■ DATA ■

◆ ◆ ◆ ◆ ◆

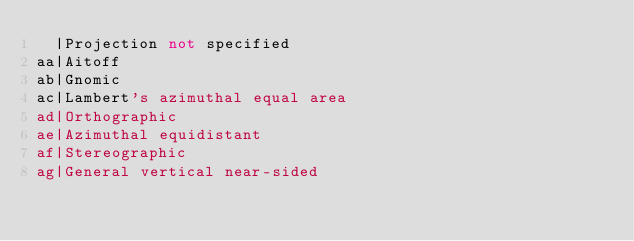<code> <loc_0><loc_0><loc_500><loc_500><_SQL_>  |Projection not specified
aa|Aitoff
ab|Gnomic
ac|Lambert's azimuthal equal area
ad|Orthographic
ae|Azimuthal equidistant
af|Stereographic
ag|General vertical near-sided</code> 
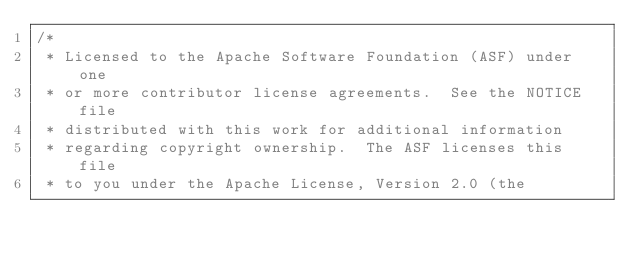<code> <loc_0><loc_0><loc_500><loc_500><_Java_>/*
 * Licensed to the Apache Software Foundation (ASF) under one
 * or more contributor license agreements.  See the NOTICE file
 * distributed with this work for additional information
 * regarding copyright ownership.  The ASF licenses this file
 * to you under the Apache License, Version 2.0 (the</code> 
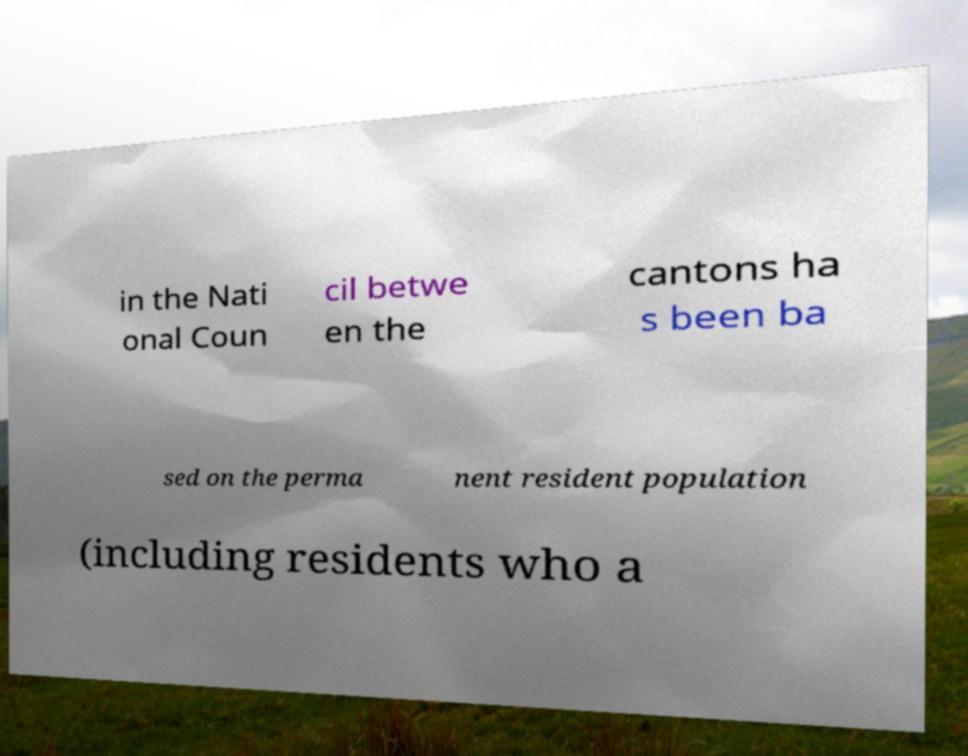There's text embedded in this image that I need extracted. Can you transcribe it verbatim? in the Nati onal Coun cil betwe en the cantons ha s been ba sed on the perma nent resident population (including residents who a 
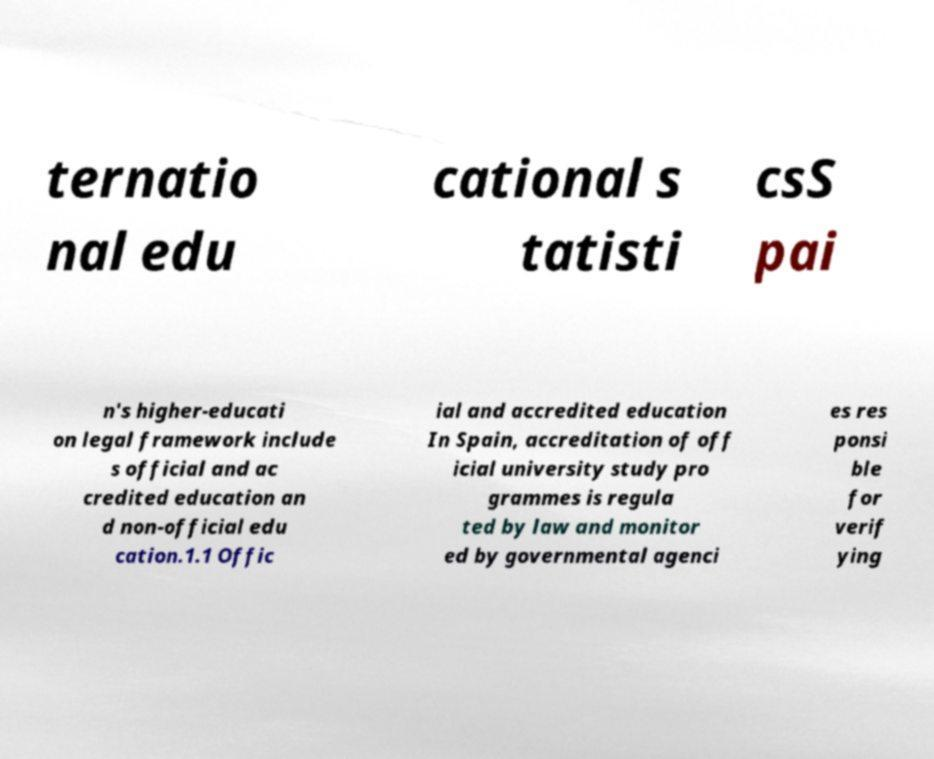What messages or text are displayed in this image? I need them in a readable, typed format. ternatio nal edu cational s tatisti csS pai n's higher-educati on legal framework include s official and ac credited education an d non-official edu cation.1.1 Offic ial and accredited education In Spain, accreditation of off icial university study pro grammes is regula ted by law and monitor ed by governmental agenci es res ponsi ble for verif ying

◆ ◆ ◆ ◆ ◆

■ WORK INSTRUCTIONS ■
Only the lines from the top of the material above down to the line bearing "licenses this file", that line included, should be set down exactly; no pictures.

■ ANSWER BOX ■
<code> <loc_0><loc_0><loc_500><loc_500><_SQL_>  |Projection not specified
aa|Aitoff
ab|Gnomic
ac|Lambert's azimuthal equal area
ad|Orthographic
ae|Azimuthal equidistant
af|Stereographic
ag|General vertical near-sided</code> 
<code> <loc_0><loc_0><loc_500><loc_500><_Java_>/*
 * Licensed to the Apache Software Foundation (ASF) under one
 * or more contributor license agreements.  See the NOTICE file
 * distributed with this work for additional information
 * regarding copyright ownership.  The ASF licenses this file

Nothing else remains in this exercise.